* _What the task asks_
Look through the entries below, please, and copy every line with the word "Find".

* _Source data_
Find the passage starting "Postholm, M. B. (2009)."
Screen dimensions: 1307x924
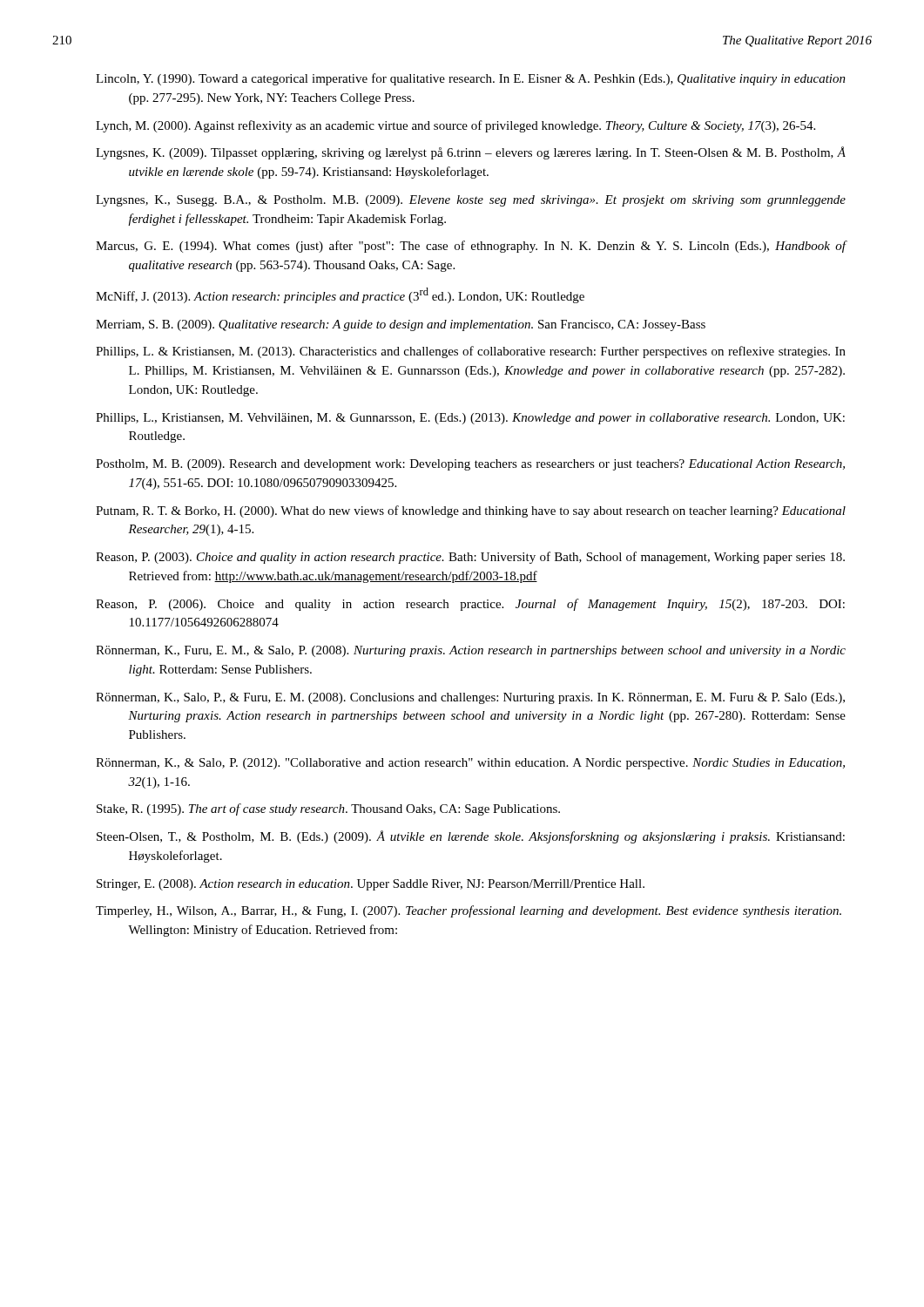(x=471, y=473)
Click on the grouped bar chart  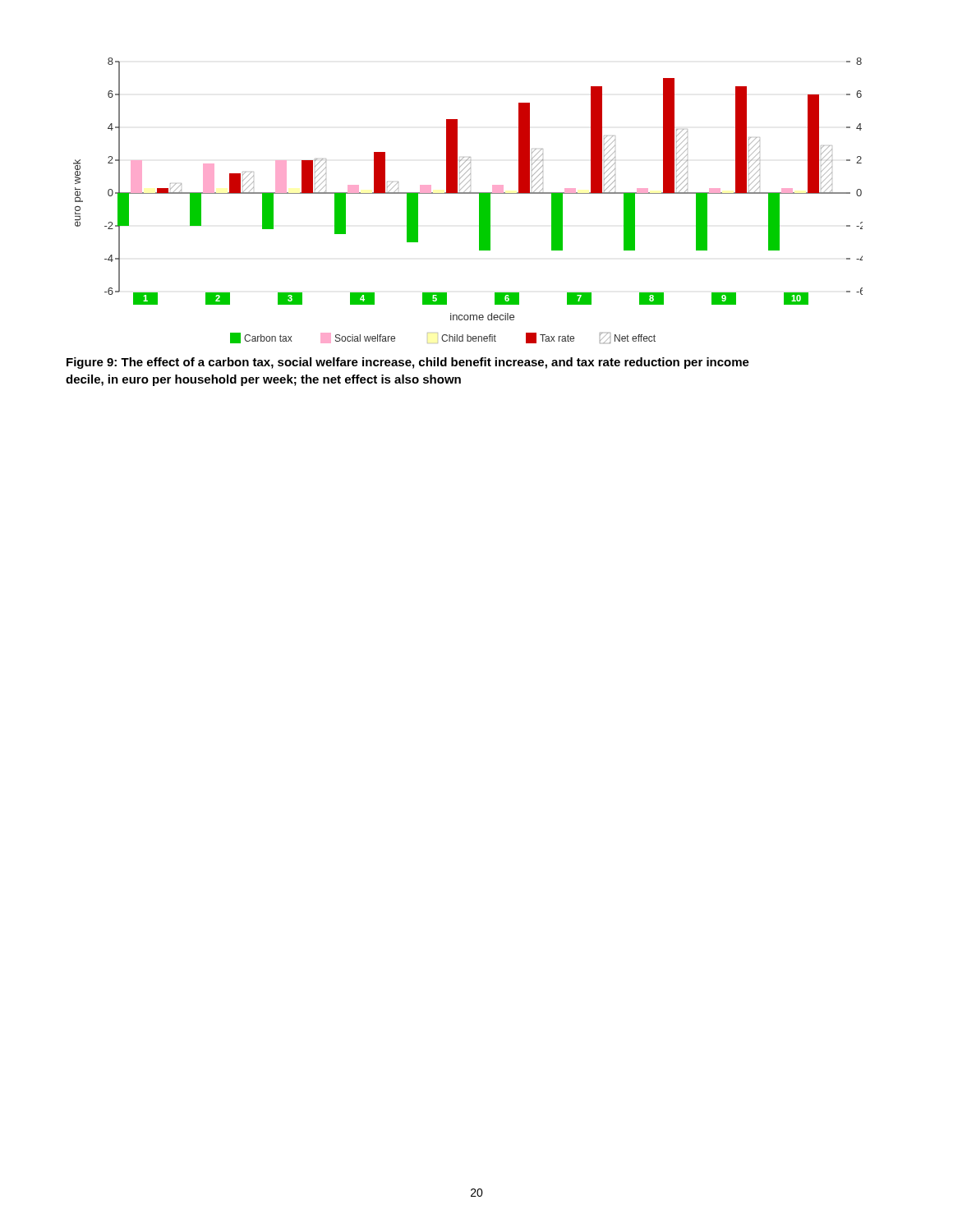[x=456, y=207]
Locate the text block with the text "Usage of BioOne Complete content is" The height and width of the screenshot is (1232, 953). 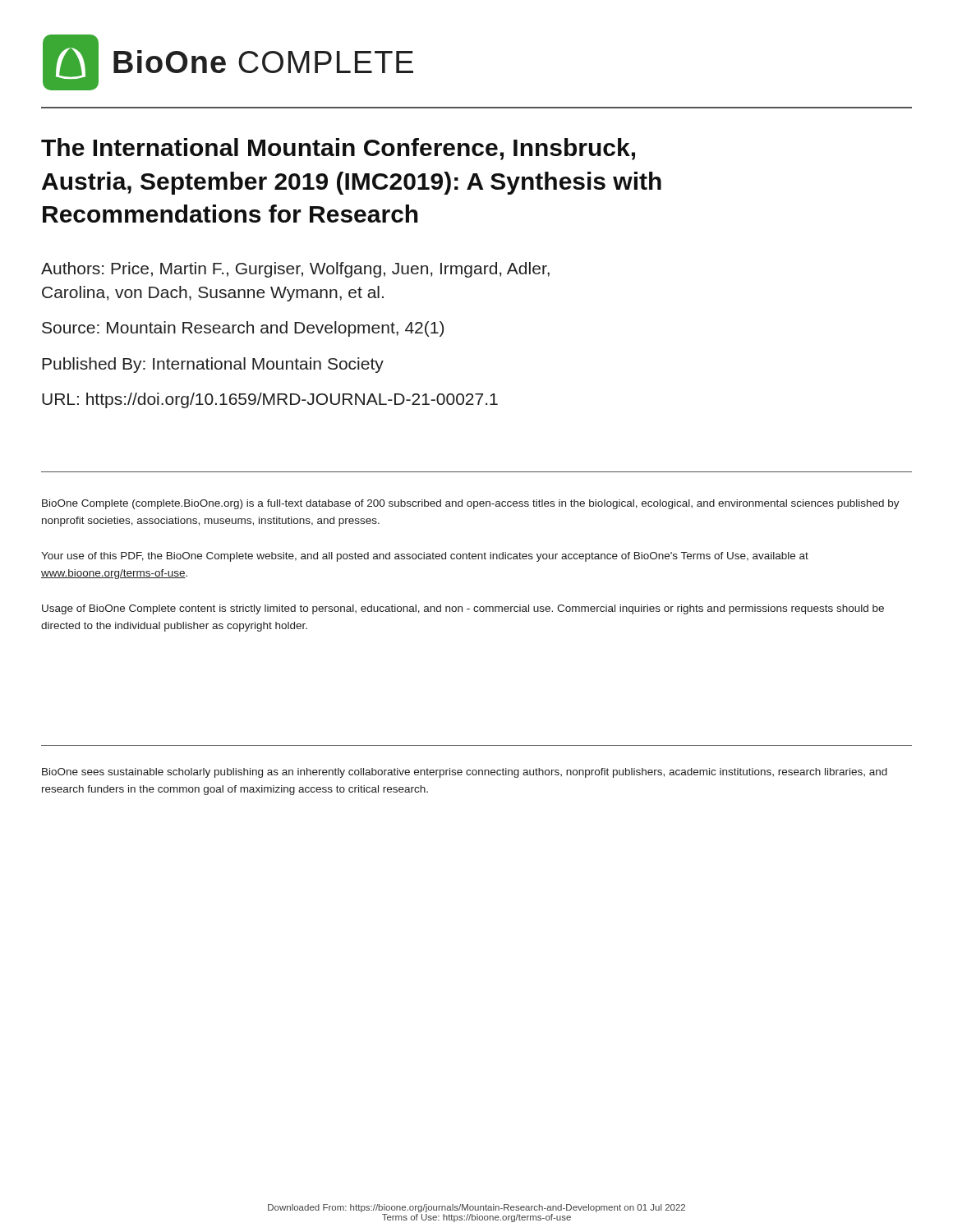463,617
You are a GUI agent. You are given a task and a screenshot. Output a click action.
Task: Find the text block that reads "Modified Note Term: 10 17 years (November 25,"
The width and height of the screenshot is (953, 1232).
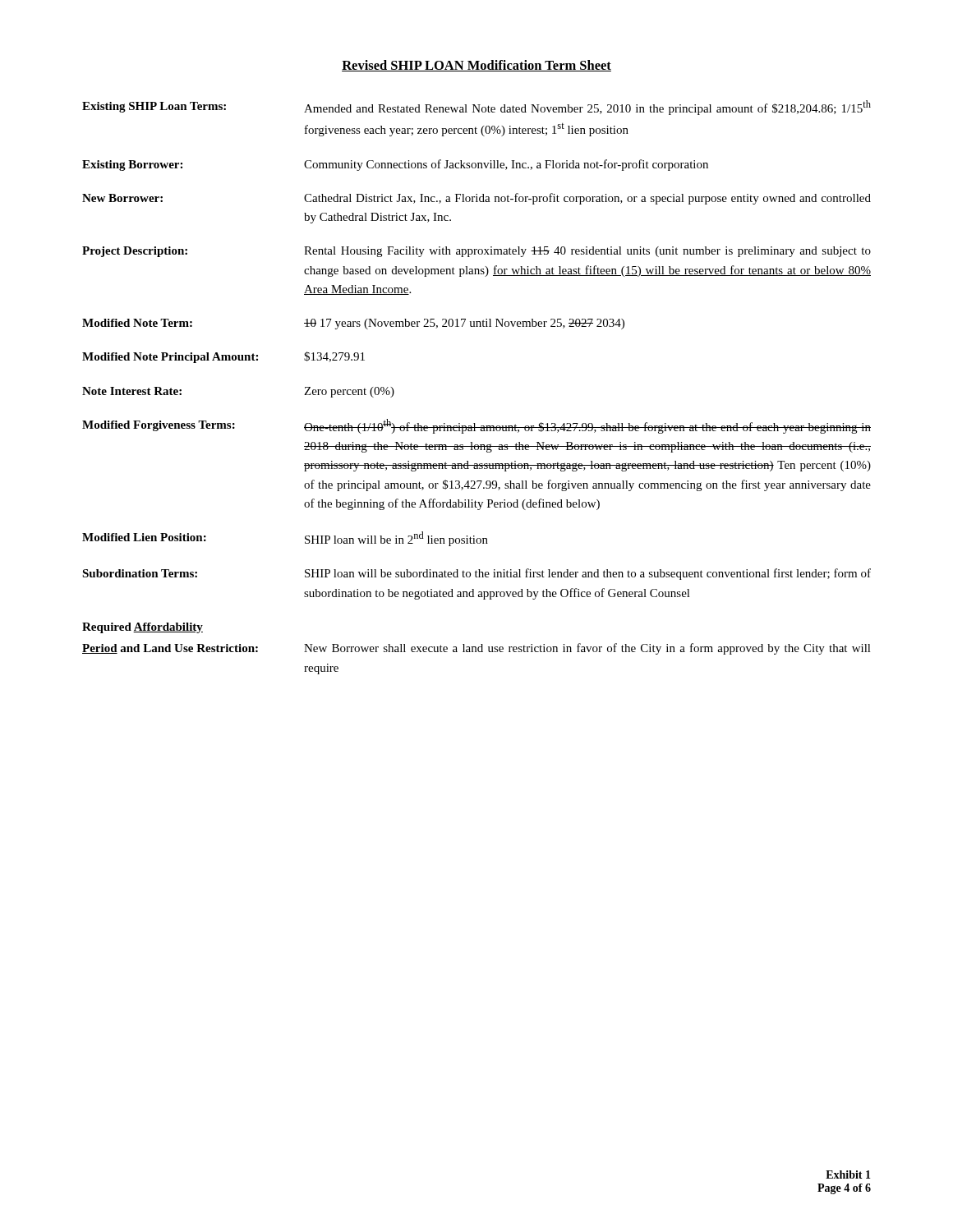[x=476, y=323]
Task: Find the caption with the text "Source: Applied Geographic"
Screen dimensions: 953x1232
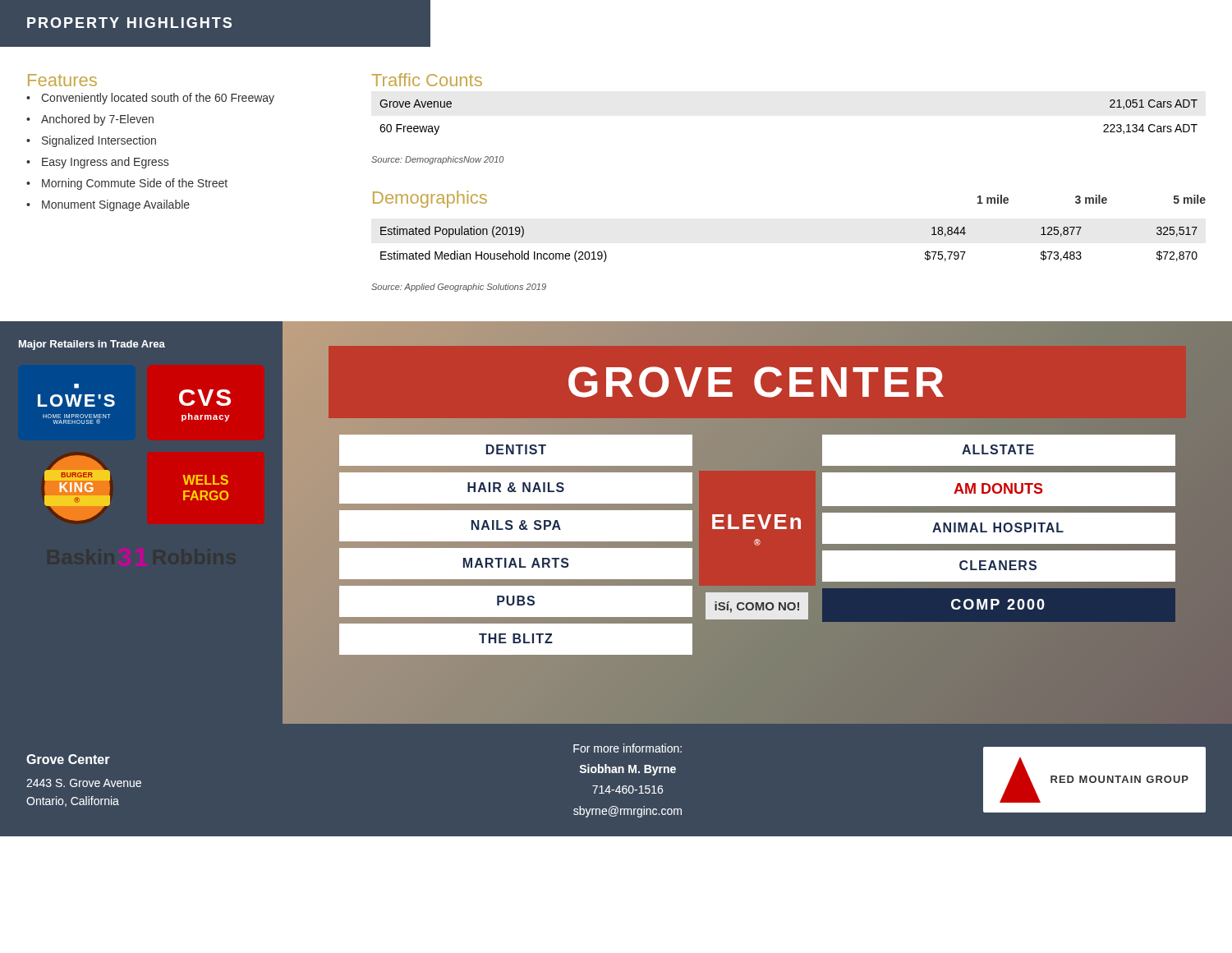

* _Output below_
Find the passage starting "Postholm, M. B. (2009)."
Task: Find the text block that reads "Modified Note Term: 10 17 years (November 25,"
Task: Find the caption with the text "Source: Applied Geographic"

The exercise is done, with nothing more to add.